Grandma asked me to pop round and help her with a jigsaw that was giving her grief.

So, round I went. She showed me all the pieces laid out on a table.

“What picture is it supposed to make?” I said.

“Well”, she said – “It has a picture of a cockerel on the box.

I said, “You go and put the kettle on and make us a nice pot of tea while I put all the cornflakes back into the box”


----------



## rogerblack (May 1, 2005)

tonyt said:


> Grandma asked me to pop round and help her with a jigsaw that was giving her grief.
> 
> So, round I went. She showed me all the pieces laid out on a table.
> 
> ...


Aah, clearly a fan of Mrs Brown and her boys!
(where this gag came up in last week's show) :lol:


----------



## tonyt (May 25, 2005)

rogerblack said:


> Aah, clearly a fan of Mrs Brown and her boys!
> (where this gag came up in last week's show) :lol:


Sorry, I wouldn't know Mrs Brown from a tub of lard!

I heard the joke last night while enjoying my sundowner round the camp fire (don't tell Dave Zeb  ) - not another Brit in sight.


----------



## rogerblack (May 1, 2005)

tonyt said:


> rogerblack said:
> 
> 
> > Aah, clearly a fan of Mrs Brown and her boys!
> ...


Hahaha - describing 'her' as a tub of lard is not far off the spot! 8) The series has been discussed on here several times in the past, you clearly have not been paying attention  It seems to have the Marmite effect on folk.

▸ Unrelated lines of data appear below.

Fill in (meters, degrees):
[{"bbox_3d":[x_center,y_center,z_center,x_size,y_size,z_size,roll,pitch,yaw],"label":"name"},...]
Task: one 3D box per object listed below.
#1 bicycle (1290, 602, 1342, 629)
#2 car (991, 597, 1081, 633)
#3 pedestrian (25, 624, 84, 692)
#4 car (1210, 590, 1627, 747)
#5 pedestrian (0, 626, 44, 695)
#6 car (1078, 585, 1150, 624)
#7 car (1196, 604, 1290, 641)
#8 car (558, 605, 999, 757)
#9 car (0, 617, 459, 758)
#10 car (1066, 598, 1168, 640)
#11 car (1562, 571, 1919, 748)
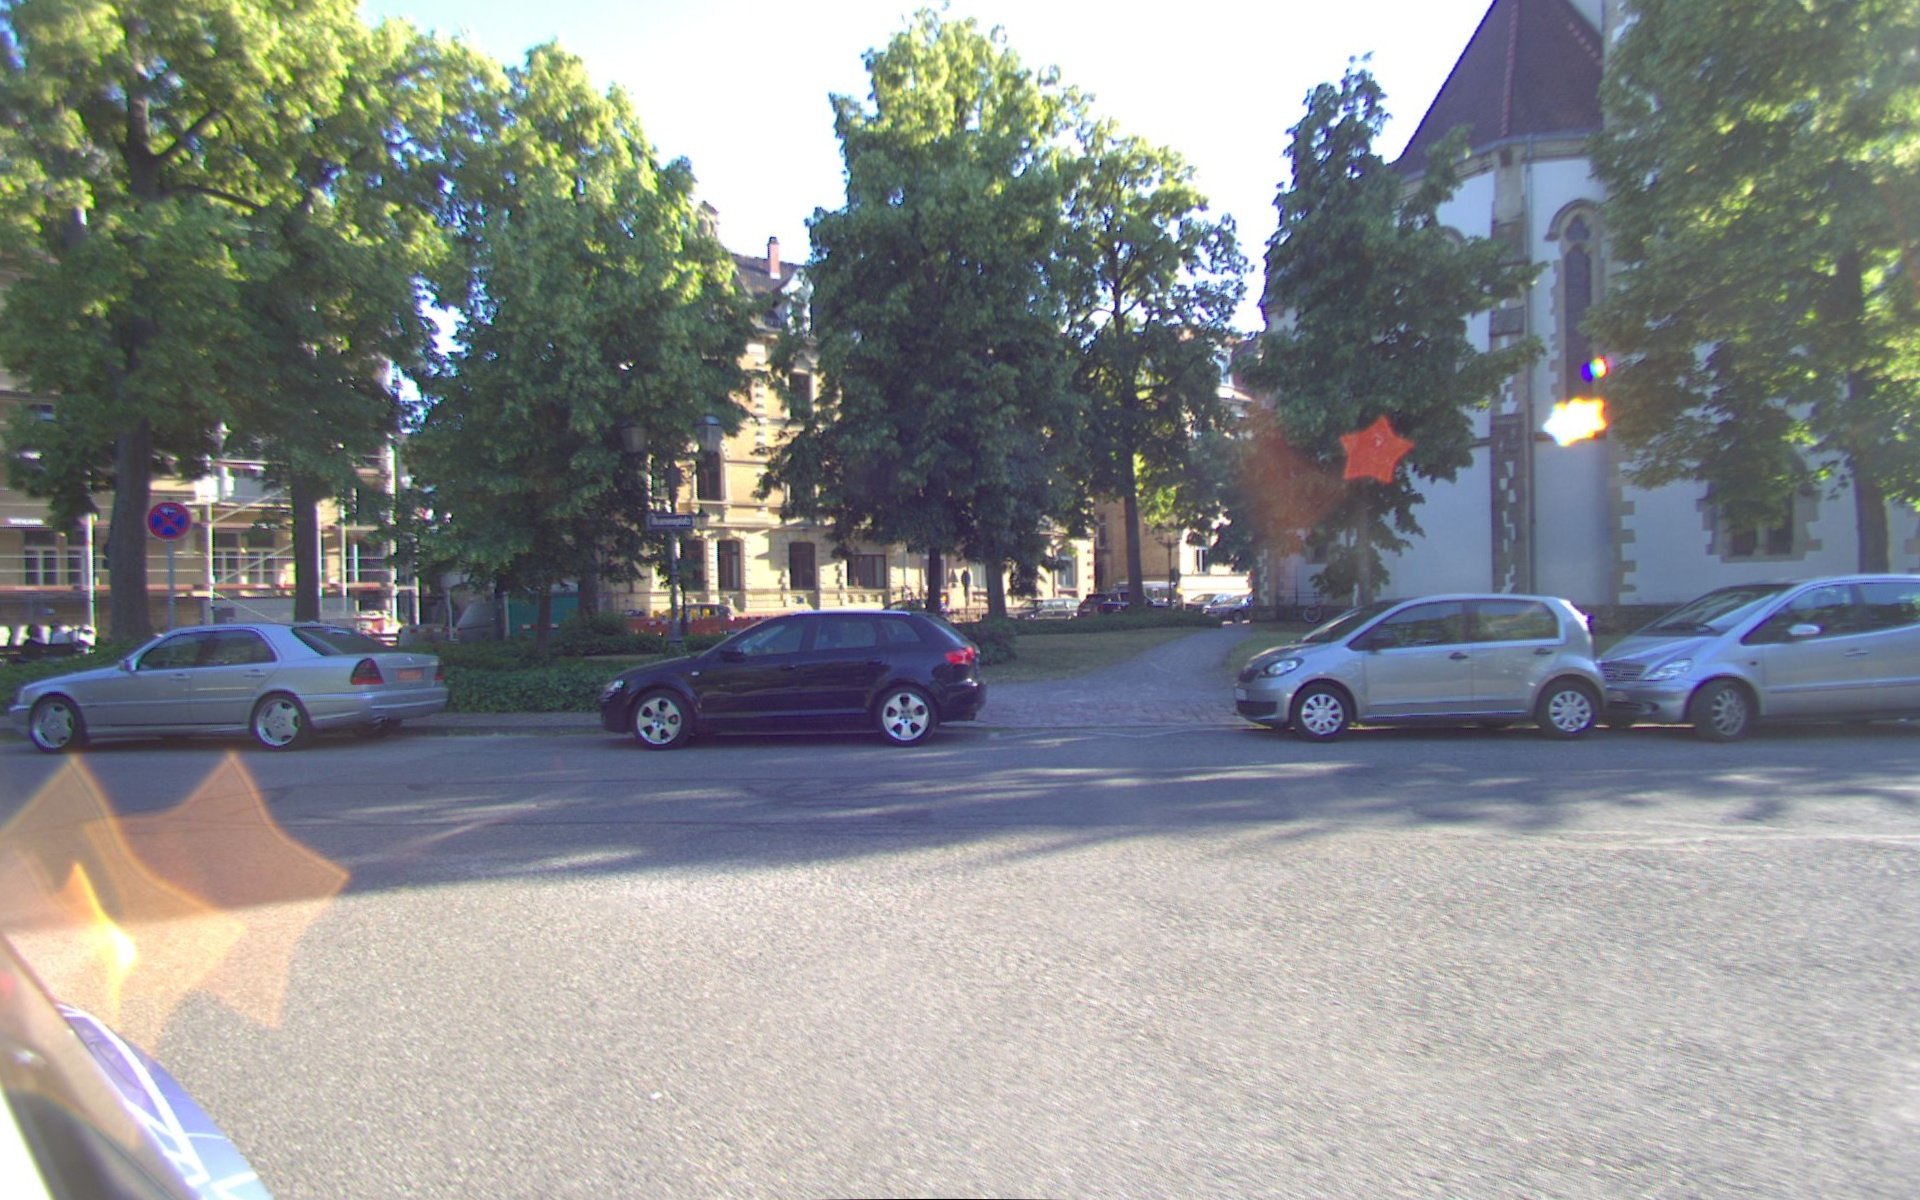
[{"bbox_3d":[12.665,0.557,36.091,0.416,0.925,1.889,-1,0,-31],"label":"bicycle"},{"bbox_3d":[3.810,0.723,50.611,4.150,1.668,2.005,-1,0,-34],"label":"car"},{"bbox_3d":[-17.007,1.081,19.017,0.719,1.242,0.549,-2,-1,19],"label":"pedestrian"},{"bbox_3d":[4.612,0.693,10.602,3.558,1.451,1.616,-1,-2,3],"label":"car"},{"bbox_3d":[-17.381,1.102,18.534,0.877,1.204,0.549,-2,-1,19],"label":"pedestrian"},{"bbox_3d":[9.292,0.297,61.317,1.860,2.278,4.231,-1,-1,-34],"label":"car"},{"bbox_3d":[13.593,1.072,48.611,4.147,1.668,1.898,-1,-1,-28],"label":"car"},{"bbox_3d":[-1.809,0.854,11.015,4.435,1.426,1.829,-1,-2,3],"label":"car"},{"bbox_3d":[-8.417,0.987,11.719,4.442,1.426,1.782,-1,-2,6],"label":"car"},{"bbox_3d":[6.814,0.797,43.809,4.150,1.668,1.896,-1,-1,-35],"label":"car"},{"bbox_3d":[8.451,0.538,10.216,3.646,1.591,1.709,-1,0,2],"label":"car"}]

Anyway, Grandad was sitting at the kitchen table trying to do a 'jigsaw' - when 'she' asked him for the box to see the picture, it was a box of cornflakes, which the close-up showed he had spread all over the table. Same gag, acted out. Made me lol! :lol:

I am envious - you'd need a damned big campfire to keep warm around here at the mo. :wink:


----------